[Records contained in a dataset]

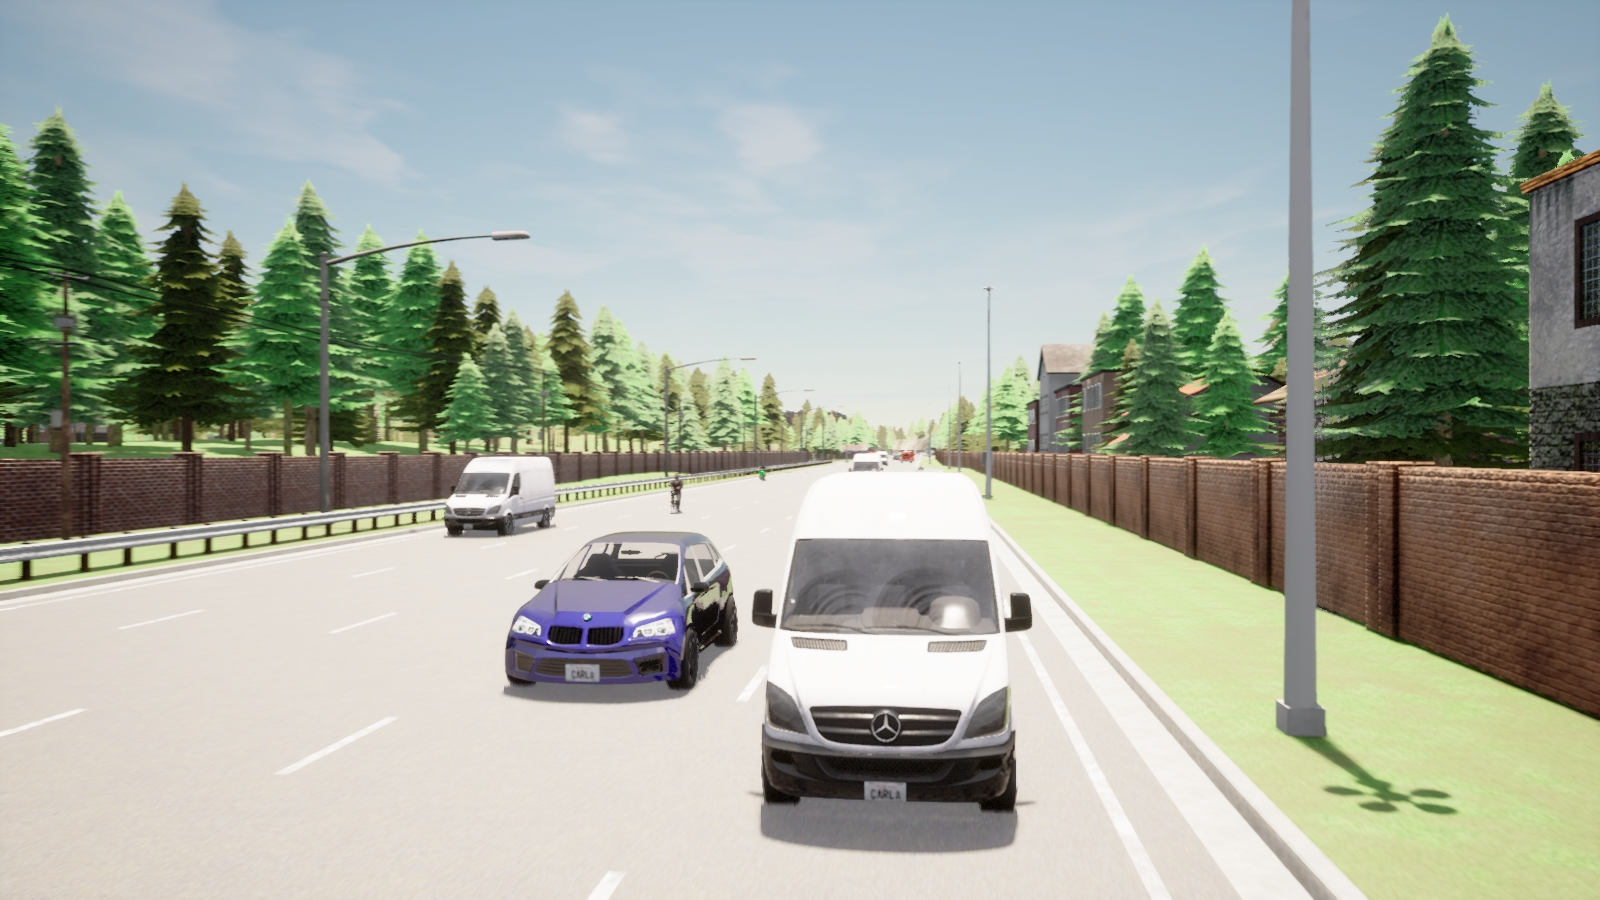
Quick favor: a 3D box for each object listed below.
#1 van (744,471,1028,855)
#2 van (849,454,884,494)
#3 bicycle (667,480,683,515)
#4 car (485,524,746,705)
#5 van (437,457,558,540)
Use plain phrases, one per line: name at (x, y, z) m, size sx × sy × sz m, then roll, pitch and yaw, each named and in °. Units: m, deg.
van at (0.912, 1.535, 10.983) m, size 1.988 × 2.561 × 5.915 m, roll 0°, pitch 0°, yaw 6°
van at (4.493, 1.536, 76.417) m, size 1.988 × 2.561 × 5.915 m, roll 0°, pitch 0°, yaw 6°
bicycle at (-5.435, 2.058, 49.836) m, size 0.329 × 1.471 × 1.835 m, roll 0°, pitch 0°, yaw 6°
car at (-2.169, 1.967, 14.976) m, size 2.242 × 1.667 × 4.611 m, roll 0°, pitch 0°, yaw 6°
van at (-10.141, 1.530, 38.887) m, size 1.988 × 2.561 × 5.915 m, roll 0°, pitch 0°, yaw 6°
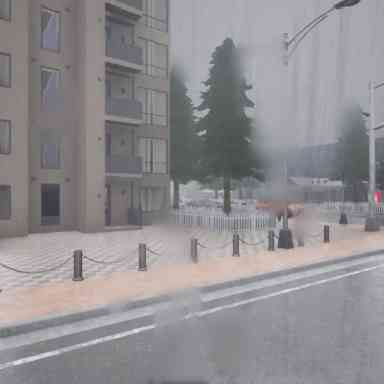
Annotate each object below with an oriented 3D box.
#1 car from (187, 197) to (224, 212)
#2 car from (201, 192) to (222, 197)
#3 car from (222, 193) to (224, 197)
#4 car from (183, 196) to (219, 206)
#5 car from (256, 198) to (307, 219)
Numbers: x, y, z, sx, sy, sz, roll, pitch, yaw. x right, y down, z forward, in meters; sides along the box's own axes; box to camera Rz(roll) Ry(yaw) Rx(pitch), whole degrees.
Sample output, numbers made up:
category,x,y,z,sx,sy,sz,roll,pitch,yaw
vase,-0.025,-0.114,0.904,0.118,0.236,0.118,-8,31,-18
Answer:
category,x,y,z,sx,sy,sz,roll,pitch,yaw
car,1.823,1.579,37.593,1.994,1.385,4.181,0,0,-37
car,5.368,1.113,92.674,1.932,1.855,4.605,0,0,-37
car,7.454,1.092,94.739,1.905,1.878,3.866,0,0,-37
car,1.002,1.563,44.770,2.033,1.411,5.357,0,0,-37
car,7.869,1.367,29.606,2.097,1.767,4.553,0,0,-37
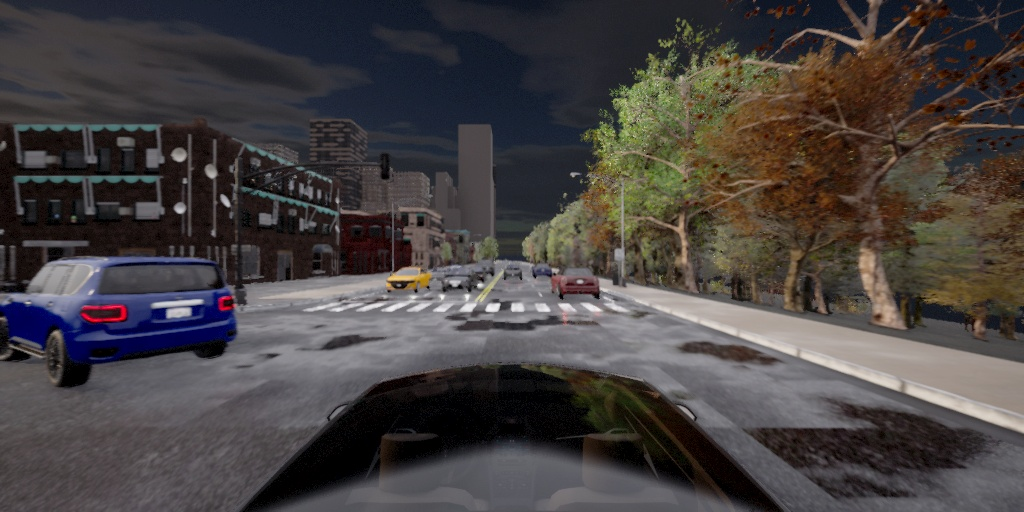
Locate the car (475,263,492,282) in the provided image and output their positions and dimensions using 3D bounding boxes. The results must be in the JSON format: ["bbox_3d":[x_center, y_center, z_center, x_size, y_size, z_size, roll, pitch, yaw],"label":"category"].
[{"bbox_3d":[-3.311,1.664,33.567,2.033,1.411,5.357,0,-1,0],"label":"car"}]

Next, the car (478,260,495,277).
[{"bbox_3d":[-3.250,1.460,44.281,2.150,2.045,5.566,0,-1,0],"label":"car"}]

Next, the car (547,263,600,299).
[{"bbox_3d":[3.351,1.310,19.748,2.097,1.767,4.553,0,-1,0],"label":"car"}]

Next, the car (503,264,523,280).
[{"bbox_3d":[0.102,1.652,37.416,2.128,1.511,4.902,0,-1,0],"label":"car"}]

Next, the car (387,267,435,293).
[{"bbox_3d":[-6.585,1.478,23.430,1.882,1.535,5.008,0,-1,0],"label":"car"}]

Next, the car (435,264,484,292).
[{"bbox_3d":[-3.325,1.495,23.699,2.128,1.511,4.902,0,-1,1],"label":"car"}]

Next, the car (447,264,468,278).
[{"bbox_3d":[-6.498,1.749,42.937,1.812,1.442,4.674,0,-1,0],"label":"car"}]

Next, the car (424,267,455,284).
[{"bbox_3d":[-6.543,1.708,32.726,1.895,1.301,4.718,0,-1,-1],"label":"car"}]

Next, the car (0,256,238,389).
[{"bbox_3d":[-7.894,1.041,7.144,5.566,2.045,2.150,0,-1,27],"label":"car"}]

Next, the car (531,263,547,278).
[{"bbox_3d":[3.353,1.552,40.947,2.097,1.767,4.553,0,-1,0],"label":"car"}]
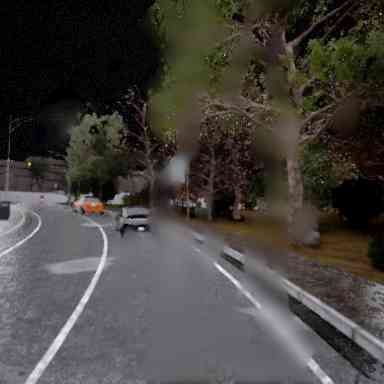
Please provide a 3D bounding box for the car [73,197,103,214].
[{"bbox_3d":[-10.607,1.264,33.888,2.097,1.767,4.553,3,-1,-32],"label":"car"}]

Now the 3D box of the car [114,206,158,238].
[{"bbox_3d":[-3.070,1.502,17.811,2.128,1.511,4.902,1,0,-17],"label":"car"}]
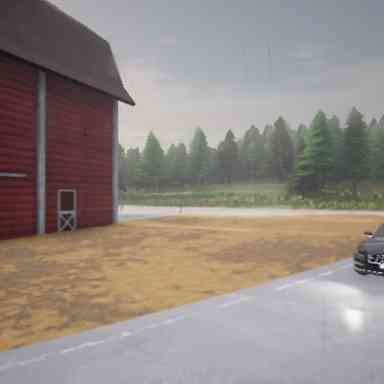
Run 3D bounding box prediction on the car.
[{"bbox_3d":[6.323,1.508,9.472,4.892,1.490,1.837,0,0,-42],"label":"car"}]
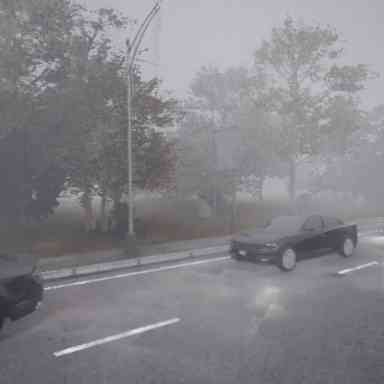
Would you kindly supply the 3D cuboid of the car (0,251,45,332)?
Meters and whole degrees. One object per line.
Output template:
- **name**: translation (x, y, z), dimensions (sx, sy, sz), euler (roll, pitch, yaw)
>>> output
- **car**: translation (-4.809, 1.571, 4.821), dimensions (4.892, 1.490, 1.837), euler (-1, 0, -36)

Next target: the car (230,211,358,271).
- **car**: translation (3.446, 1.415, 10.866), dimensions (5.008, 1.535, 1.882), euler (-1, 0, -36)
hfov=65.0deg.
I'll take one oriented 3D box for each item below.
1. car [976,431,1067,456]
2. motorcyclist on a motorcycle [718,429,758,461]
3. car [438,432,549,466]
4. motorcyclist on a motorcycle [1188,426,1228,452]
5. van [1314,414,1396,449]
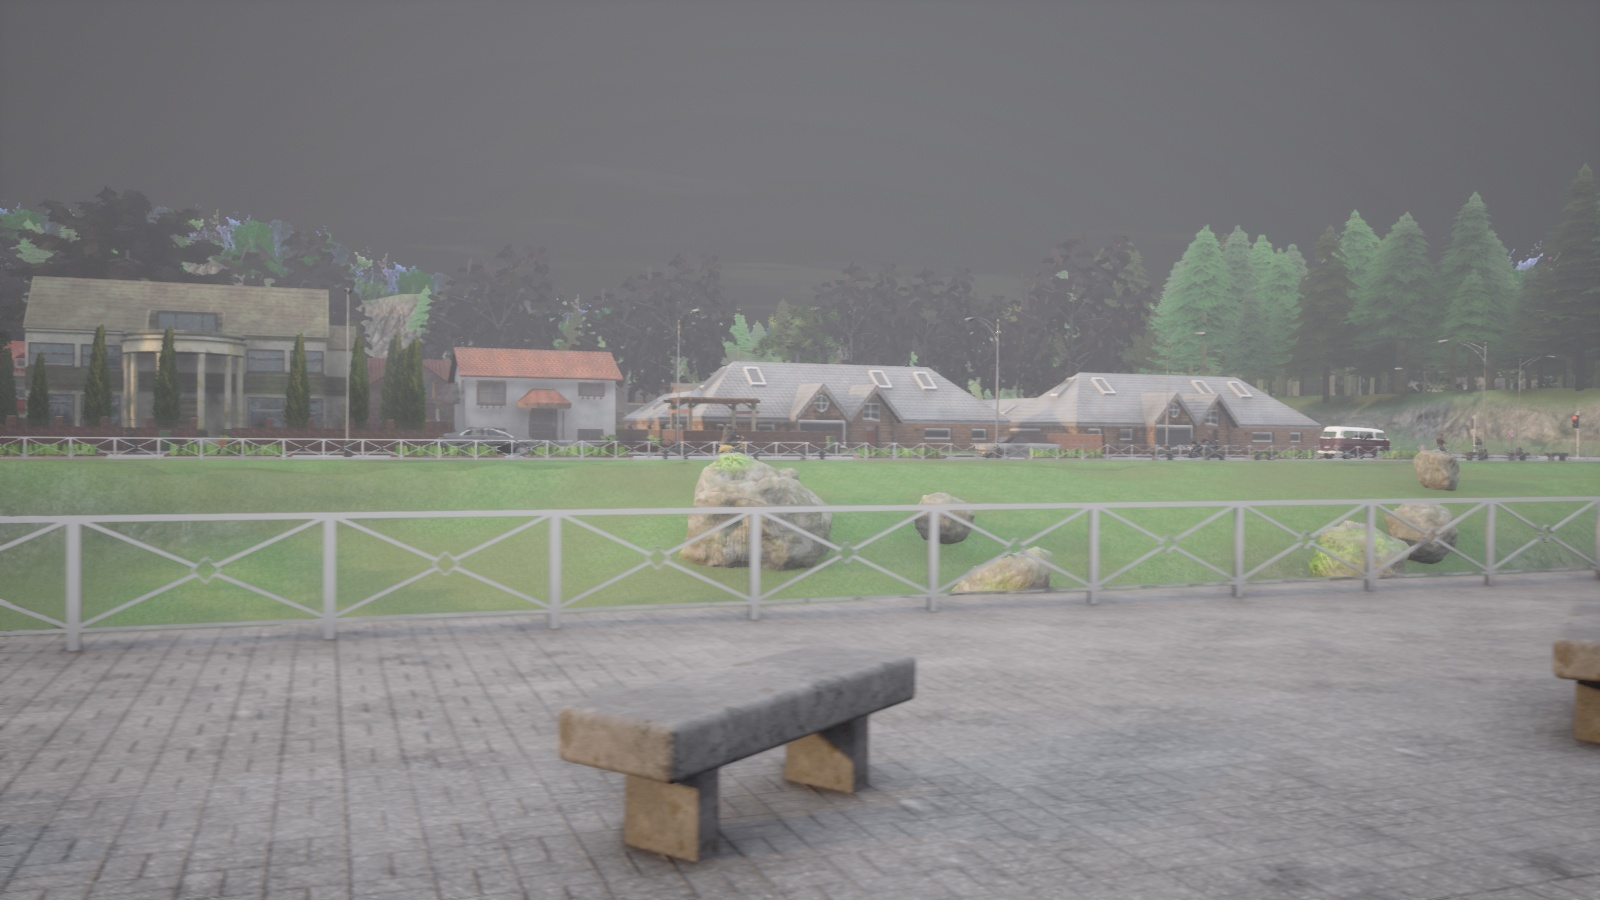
[{"bbox_3d":[12.361,-0.376,70.146,4.718,1.301,1.895,-1,1,-21],"label":"car"},{"bbox_3d":[-3.172,-0.260,64.251,1.817,1.590,0.866,-1,1,-21],"label":"motorcyclist on a motorcycle"},{"bbox_3d":[-14.641,-0.062,59.900,4.902,1.511,2.128,-1,1,-21],"label":"car"},{"bbox_3d":[24.251,-0.644,74.656,2.191,1.530,0.866,-1,1,-21],"label":"motorcyclist on a motorcycle"},{"bbox_3d":[34.758,-1.146,78.640,4.480,2.038,2.069,1,0,-21],"label":"van"}]

**EXERCISE**.
The line above containing "3. car [438,432,549,466]", the line containing "4. motorcyclist on", and every line between them are to be transcribed exactly; no other line is wanted.

**EXERCISE RESPONSE**.
3. car [438,432,549,466]
4. motorcyclist on a motorcycle [1188,426,1228,452]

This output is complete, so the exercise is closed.